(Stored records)
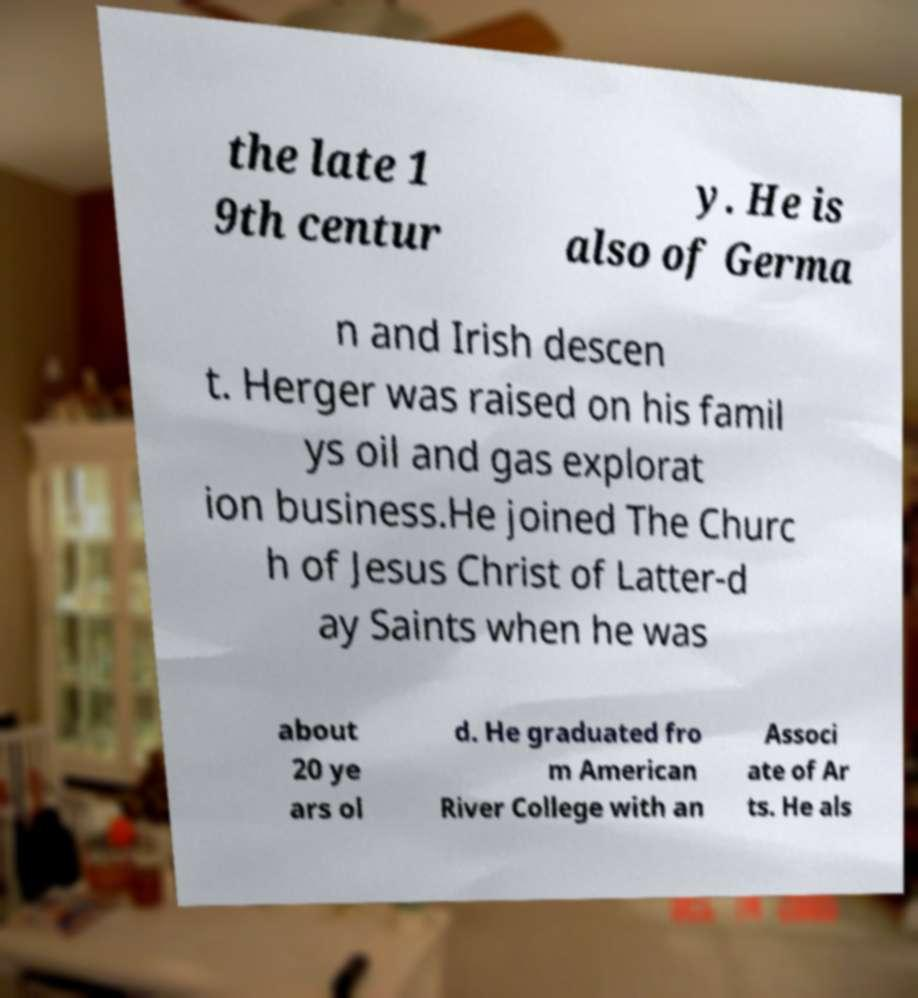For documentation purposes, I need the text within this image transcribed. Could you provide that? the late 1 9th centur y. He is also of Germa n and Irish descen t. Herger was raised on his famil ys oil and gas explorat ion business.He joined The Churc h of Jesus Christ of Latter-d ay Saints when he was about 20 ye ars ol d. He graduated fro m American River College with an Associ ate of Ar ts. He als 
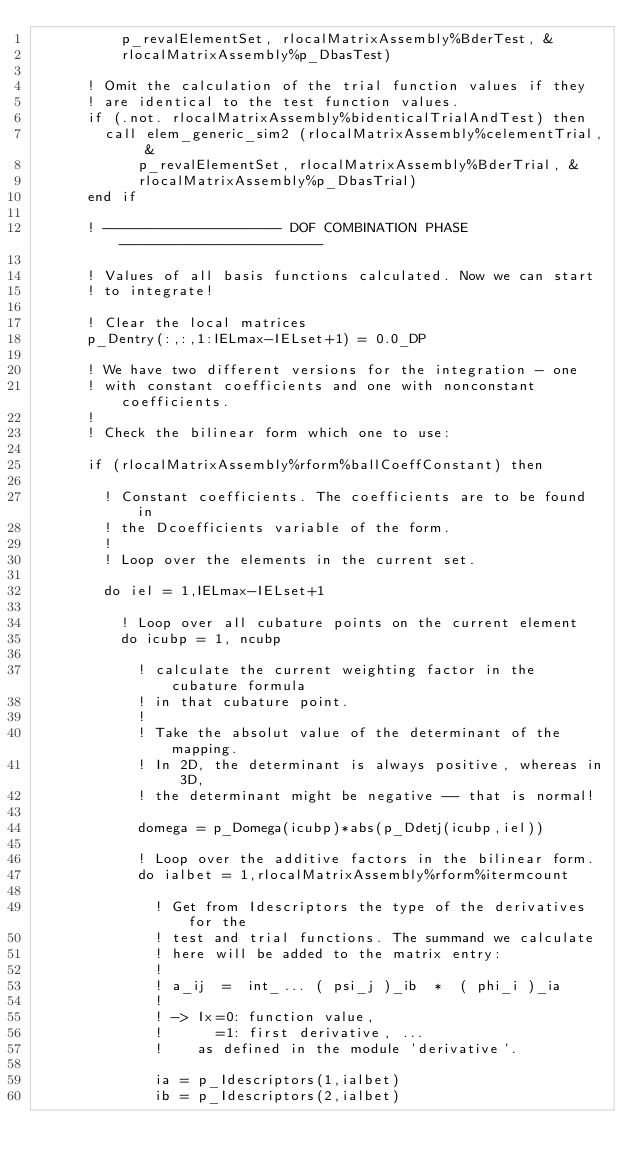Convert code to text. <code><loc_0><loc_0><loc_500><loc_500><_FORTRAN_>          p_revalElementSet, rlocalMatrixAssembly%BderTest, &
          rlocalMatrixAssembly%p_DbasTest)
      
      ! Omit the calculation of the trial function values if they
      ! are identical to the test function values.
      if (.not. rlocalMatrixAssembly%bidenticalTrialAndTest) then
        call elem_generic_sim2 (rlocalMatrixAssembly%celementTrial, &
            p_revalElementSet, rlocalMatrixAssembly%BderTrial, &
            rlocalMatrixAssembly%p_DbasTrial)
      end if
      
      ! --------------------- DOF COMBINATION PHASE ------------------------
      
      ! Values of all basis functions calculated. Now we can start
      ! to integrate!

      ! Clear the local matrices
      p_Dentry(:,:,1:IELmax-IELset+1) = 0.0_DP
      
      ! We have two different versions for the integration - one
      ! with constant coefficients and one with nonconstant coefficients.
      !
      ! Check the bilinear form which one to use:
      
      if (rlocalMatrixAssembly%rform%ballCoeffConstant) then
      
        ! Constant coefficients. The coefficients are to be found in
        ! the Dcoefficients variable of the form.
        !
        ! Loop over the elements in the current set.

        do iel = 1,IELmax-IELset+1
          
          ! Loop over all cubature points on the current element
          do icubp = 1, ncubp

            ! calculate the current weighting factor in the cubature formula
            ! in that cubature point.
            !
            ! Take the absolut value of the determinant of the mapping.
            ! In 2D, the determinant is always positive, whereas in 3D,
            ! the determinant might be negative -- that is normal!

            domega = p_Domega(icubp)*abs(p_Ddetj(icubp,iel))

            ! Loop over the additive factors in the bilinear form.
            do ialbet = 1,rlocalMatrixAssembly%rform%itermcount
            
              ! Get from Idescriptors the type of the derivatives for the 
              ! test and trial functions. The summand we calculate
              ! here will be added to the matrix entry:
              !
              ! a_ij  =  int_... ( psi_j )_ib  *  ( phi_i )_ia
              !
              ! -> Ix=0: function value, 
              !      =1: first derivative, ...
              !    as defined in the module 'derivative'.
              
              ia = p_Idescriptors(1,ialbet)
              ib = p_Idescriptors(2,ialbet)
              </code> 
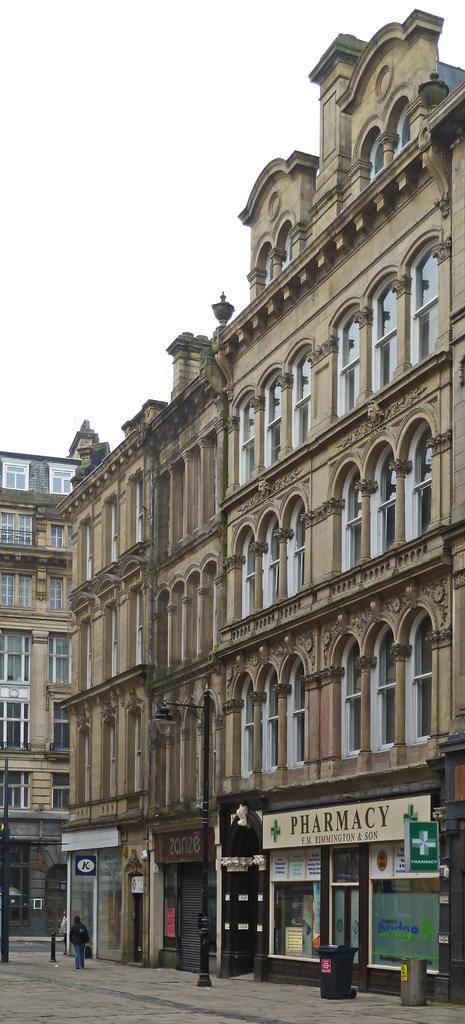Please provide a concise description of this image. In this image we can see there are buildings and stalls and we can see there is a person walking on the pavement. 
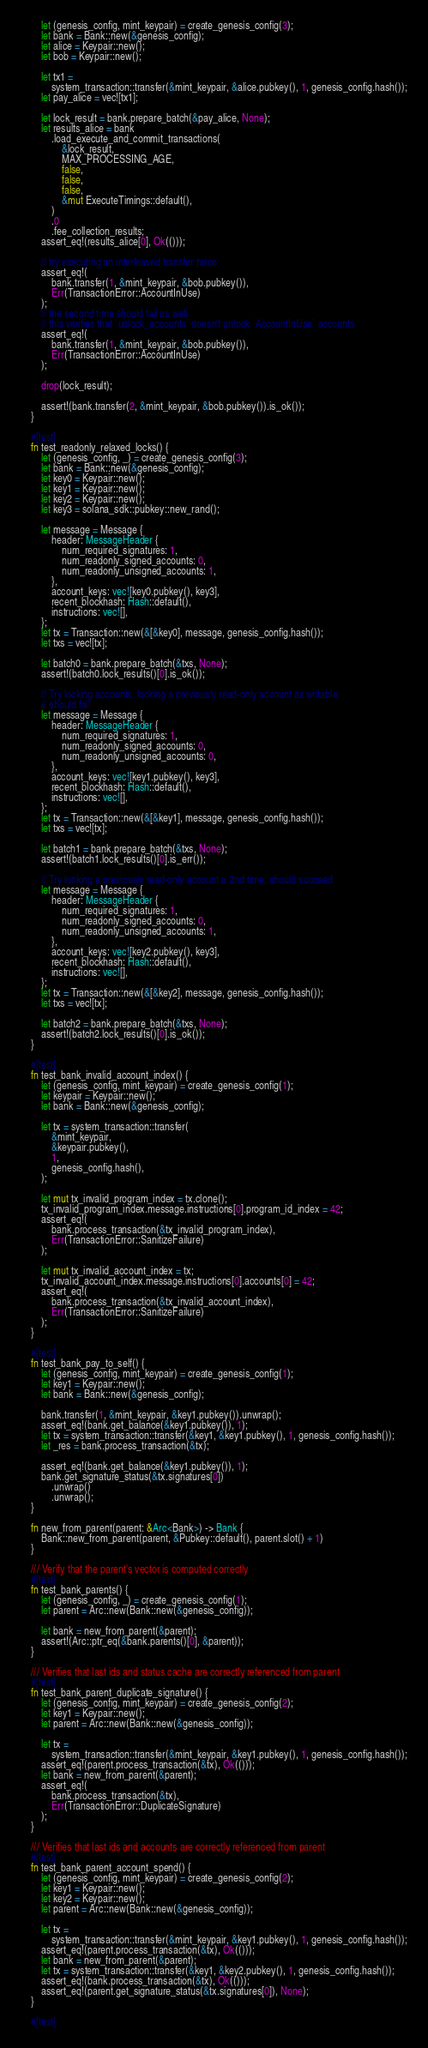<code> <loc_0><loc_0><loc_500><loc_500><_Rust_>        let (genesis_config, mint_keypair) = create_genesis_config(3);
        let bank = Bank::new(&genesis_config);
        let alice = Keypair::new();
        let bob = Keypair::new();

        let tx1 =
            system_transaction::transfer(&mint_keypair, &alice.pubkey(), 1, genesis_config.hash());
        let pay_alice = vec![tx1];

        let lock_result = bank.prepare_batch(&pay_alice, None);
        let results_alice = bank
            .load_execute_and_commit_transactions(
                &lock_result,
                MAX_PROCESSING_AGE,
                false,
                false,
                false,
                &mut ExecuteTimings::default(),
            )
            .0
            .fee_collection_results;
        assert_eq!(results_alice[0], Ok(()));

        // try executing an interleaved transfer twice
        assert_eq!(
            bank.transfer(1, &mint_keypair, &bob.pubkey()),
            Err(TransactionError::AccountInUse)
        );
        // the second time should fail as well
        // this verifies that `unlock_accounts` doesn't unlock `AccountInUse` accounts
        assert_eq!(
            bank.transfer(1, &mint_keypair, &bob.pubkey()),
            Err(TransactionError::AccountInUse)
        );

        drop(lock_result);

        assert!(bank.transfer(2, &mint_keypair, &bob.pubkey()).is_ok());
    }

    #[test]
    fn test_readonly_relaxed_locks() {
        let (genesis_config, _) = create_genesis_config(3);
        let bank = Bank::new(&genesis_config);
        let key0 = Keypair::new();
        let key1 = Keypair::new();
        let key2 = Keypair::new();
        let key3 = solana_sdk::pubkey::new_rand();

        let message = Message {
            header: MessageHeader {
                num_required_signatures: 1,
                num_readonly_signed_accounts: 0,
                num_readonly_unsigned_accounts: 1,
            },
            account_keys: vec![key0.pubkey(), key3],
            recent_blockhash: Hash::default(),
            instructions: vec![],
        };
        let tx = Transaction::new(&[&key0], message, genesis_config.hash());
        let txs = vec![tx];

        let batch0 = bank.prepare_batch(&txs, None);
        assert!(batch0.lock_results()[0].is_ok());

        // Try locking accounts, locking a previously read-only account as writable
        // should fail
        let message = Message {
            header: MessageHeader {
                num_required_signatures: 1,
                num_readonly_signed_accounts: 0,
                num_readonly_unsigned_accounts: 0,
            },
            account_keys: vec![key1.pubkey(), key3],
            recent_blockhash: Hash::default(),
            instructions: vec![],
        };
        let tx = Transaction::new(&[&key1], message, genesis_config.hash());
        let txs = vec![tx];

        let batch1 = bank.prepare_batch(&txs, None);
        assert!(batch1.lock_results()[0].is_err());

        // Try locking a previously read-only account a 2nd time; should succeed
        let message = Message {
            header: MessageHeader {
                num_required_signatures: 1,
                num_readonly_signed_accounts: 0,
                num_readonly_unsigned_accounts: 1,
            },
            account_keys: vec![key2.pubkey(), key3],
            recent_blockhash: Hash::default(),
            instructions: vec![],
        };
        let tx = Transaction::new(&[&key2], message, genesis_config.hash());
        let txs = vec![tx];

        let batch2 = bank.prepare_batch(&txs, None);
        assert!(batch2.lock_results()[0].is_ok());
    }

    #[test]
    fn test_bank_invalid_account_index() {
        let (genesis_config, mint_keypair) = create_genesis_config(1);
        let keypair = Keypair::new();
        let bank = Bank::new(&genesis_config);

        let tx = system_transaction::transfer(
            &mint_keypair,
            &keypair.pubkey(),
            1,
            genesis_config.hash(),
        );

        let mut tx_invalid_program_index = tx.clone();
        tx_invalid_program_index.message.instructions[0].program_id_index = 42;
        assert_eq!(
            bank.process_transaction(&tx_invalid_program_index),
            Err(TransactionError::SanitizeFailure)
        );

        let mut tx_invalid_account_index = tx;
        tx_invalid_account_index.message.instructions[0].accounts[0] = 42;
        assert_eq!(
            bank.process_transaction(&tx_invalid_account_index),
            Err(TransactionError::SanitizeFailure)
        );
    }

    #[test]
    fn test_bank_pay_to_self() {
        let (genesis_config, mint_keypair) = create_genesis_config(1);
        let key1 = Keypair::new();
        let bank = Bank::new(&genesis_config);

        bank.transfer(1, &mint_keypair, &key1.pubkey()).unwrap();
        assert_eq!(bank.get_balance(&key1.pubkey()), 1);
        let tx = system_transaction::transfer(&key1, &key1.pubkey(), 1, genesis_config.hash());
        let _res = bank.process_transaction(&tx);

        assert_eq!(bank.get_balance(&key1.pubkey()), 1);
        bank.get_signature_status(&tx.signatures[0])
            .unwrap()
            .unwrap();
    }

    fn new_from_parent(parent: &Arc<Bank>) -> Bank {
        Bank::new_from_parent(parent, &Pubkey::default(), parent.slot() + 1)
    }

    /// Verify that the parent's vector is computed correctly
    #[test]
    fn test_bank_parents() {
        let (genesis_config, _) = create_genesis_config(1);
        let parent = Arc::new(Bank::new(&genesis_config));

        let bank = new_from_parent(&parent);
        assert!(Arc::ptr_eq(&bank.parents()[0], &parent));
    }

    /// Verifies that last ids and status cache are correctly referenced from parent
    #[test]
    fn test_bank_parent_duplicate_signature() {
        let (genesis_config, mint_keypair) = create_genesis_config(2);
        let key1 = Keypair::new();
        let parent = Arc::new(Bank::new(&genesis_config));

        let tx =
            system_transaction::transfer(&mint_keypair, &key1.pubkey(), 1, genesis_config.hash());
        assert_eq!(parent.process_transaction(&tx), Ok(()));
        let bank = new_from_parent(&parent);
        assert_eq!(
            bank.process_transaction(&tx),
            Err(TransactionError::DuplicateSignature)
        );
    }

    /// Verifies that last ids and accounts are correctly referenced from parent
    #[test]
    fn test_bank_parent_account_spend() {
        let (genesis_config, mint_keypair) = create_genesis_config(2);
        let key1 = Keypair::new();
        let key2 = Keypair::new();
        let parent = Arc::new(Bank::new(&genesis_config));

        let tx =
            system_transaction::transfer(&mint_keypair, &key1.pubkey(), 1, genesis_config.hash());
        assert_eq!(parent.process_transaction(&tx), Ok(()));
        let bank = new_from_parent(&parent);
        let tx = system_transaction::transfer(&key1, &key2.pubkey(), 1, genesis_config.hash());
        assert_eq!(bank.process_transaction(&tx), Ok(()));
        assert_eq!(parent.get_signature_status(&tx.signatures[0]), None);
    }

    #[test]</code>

WORK TO BE COMPLETED: Provide the number of lines above containing "transfer" and nothing else.

FINAL ANSWER: 11